EXERCISE DESCRIPTION: If a line in the entries below includes "anything", show that line.

DATA FOR THIS EXERCISE:

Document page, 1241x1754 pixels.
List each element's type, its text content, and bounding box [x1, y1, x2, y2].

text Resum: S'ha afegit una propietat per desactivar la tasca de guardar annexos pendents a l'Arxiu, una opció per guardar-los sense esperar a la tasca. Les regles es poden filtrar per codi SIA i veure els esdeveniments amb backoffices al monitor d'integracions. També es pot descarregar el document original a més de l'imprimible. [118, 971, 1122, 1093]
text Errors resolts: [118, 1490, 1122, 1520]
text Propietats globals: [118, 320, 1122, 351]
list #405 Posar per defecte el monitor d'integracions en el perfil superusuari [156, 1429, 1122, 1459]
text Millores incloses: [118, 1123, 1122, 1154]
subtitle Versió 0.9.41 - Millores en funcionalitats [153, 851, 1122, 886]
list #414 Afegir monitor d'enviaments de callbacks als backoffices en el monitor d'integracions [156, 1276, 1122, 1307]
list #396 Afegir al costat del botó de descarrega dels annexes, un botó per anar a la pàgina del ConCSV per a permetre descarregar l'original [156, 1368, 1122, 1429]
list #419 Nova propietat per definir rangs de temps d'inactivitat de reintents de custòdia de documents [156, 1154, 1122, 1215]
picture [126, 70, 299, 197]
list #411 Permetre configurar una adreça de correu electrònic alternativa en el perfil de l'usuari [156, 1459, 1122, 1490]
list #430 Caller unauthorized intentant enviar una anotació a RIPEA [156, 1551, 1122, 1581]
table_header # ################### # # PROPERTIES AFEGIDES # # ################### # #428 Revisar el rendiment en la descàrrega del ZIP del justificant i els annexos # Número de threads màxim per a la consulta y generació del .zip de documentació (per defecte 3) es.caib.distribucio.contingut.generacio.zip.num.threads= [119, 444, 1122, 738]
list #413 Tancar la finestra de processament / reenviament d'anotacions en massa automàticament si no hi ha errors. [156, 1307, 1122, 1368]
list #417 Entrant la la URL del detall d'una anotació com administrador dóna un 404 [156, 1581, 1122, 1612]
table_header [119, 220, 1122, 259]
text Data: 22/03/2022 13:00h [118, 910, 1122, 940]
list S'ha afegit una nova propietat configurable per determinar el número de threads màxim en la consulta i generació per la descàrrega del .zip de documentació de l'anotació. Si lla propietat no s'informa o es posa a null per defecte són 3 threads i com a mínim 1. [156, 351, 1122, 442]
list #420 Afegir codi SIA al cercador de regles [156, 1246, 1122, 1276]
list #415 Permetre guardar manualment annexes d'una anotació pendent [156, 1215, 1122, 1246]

--

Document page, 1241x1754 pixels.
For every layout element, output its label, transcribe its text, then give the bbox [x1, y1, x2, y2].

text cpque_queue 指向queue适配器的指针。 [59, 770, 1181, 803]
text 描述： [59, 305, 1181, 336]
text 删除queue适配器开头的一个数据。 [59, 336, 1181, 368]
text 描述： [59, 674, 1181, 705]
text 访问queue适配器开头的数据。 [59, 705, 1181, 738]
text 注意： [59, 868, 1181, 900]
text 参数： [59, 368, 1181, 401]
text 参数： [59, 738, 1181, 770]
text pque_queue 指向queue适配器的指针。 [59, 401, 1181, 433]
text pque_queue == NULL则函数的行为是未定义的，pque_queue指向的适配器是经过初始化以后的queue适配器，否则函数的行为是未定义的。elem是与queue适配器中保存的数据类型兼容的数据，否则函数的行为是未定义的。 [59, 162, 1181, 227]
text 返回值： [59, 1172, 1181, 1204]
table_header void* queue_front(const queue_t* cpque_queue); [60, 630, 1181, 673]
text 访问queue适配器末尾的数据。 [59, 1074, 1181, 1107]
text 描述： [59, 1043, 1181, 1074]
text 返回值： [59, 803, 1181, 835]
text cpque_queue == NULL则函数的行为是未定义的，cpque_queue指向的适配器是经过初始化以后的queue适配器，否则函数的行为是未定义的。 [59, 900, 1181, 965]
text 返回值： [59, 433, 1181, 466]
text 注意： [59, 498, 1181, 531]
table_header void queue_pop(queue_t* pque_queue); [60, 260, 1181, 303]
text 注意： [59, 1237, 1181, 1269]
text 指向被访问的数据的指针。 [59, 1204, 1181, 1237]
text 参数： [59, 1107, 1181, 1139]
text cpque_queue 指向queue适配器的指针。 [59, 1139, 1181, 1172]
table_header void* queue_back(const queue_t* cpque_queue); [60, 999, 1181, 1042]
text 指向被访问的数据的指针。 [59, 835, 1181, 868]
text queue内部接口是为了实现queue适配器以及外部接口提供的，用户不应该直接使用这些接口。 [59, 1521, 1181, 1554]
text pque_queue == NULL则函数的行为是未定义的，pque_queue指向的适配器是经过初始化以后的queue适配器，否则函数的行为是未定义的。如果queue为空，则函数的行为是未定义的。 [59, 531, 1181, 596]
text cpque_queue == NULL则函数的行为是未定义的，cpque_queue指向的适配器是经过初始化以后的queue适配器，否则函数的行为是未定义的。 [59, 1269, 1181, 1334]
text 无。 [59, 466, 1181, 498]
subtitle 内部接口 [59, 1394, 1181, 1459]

--

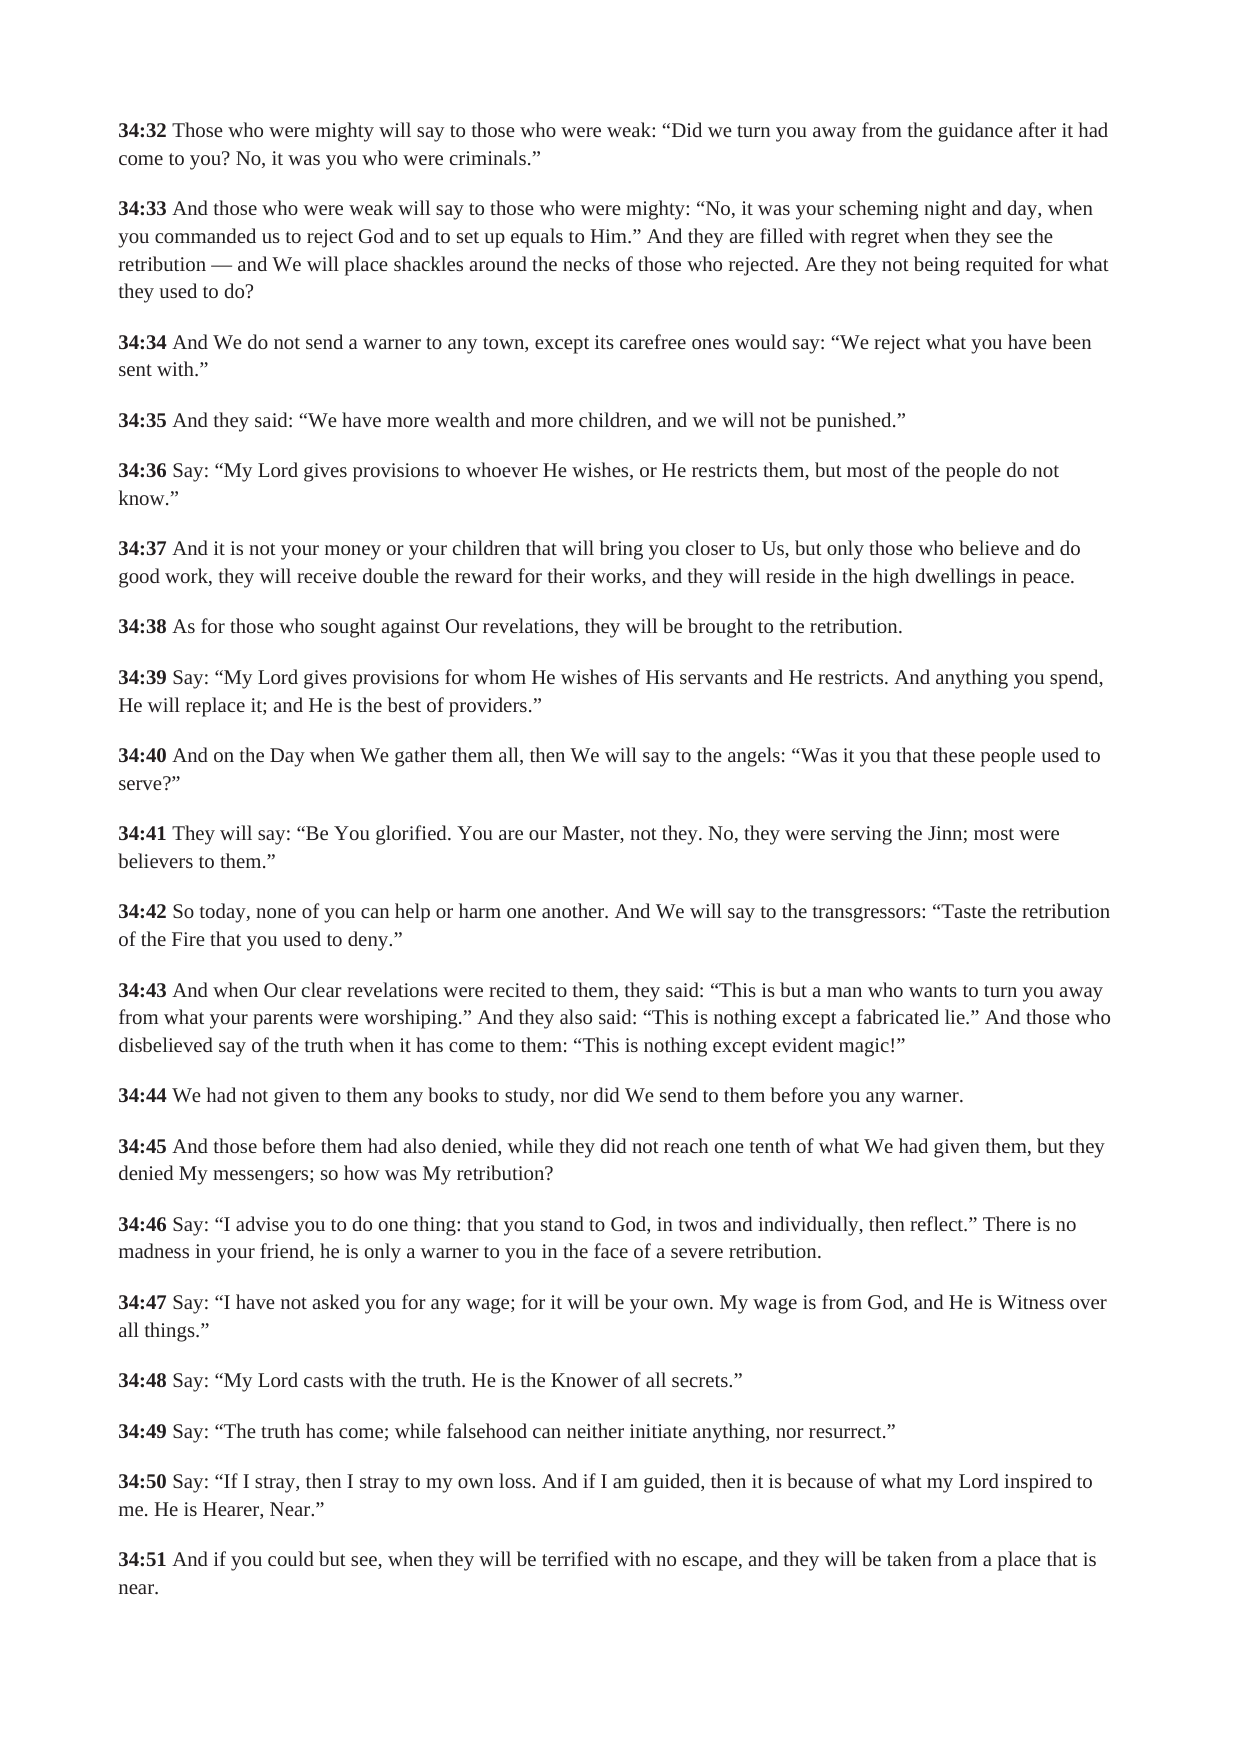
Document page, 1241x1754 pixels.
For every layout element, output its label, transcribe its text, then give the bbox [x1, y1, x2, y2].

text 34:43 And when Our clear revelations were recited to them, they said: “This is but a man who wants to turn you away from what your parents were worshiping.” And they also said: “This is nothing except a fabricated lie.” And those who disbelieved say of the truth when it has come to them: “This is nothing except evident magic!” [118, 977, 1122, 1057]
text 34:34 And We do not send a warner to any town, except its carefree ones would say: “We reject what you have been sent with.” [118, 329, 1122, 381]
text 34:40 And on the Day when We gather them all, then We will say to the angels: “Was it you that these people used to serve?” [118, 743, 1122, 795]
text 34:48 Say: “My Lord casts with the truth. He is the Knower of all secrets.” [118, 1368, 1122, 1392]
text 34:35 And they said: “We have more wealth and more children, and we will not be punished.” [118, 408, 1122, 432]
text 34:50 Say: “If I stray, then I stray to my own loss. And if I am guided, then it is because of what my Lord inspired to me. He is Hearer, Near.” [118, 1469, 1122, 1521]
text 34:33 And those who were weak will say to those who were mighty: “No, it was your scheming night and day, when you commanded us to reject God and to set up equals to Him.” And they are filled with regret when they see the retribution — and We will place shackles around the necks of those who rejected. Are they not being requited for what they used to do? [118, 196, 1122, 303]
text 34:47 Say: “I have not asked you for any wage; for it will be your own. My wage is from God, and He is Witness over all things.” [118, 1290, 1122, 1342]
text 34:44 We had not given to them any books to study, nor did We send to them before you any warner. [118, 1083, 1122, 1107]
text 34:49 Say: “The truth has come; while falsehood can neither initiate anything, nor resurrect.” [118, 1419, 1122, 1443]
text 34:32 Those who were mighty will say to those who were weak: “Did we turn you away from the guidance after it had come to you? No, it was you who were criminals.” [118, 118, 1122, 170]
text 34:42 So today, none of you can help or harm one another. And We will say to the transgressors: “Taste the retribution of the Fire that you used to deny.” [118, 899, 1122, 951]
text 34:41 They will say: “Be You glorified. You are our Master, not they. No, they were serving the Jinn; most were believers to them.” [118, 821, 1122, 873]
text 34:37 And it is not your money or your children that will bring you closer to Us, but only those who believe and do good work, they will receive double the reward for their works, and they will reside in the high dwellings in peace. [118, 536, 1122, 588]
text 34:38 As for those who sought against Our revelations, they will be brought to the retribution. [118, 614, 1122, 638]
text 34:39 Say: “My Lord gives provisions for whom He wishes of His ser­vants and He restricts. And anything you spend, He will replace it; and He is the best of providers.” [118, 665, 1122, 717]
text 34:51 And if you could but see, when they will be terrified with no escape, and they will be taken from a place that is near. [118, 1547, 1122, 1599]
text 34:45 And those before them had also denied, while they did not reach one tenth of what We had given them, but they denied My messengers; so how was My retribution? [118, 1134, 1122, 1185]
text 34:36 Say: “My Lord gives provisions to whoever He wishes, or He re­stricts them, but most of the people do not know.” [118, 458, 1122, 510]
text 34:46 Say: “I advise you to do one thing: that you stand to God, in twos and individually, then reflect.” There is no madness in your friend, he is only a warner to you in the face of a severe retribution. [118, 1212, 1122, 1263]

EXERCISE RESULT:
text 34:49 Say: “The truth has come; while falsehood can neither initiate anything, nor resurrect.” [118, 1419, 1122, 1443]
text 34:39 Say: “My Lord gives provisions for whom He wishes of His ser­vants and He restricts. And anything you spend, He will replace it; and He is the best of providers.” [118, 665, 1122, 717]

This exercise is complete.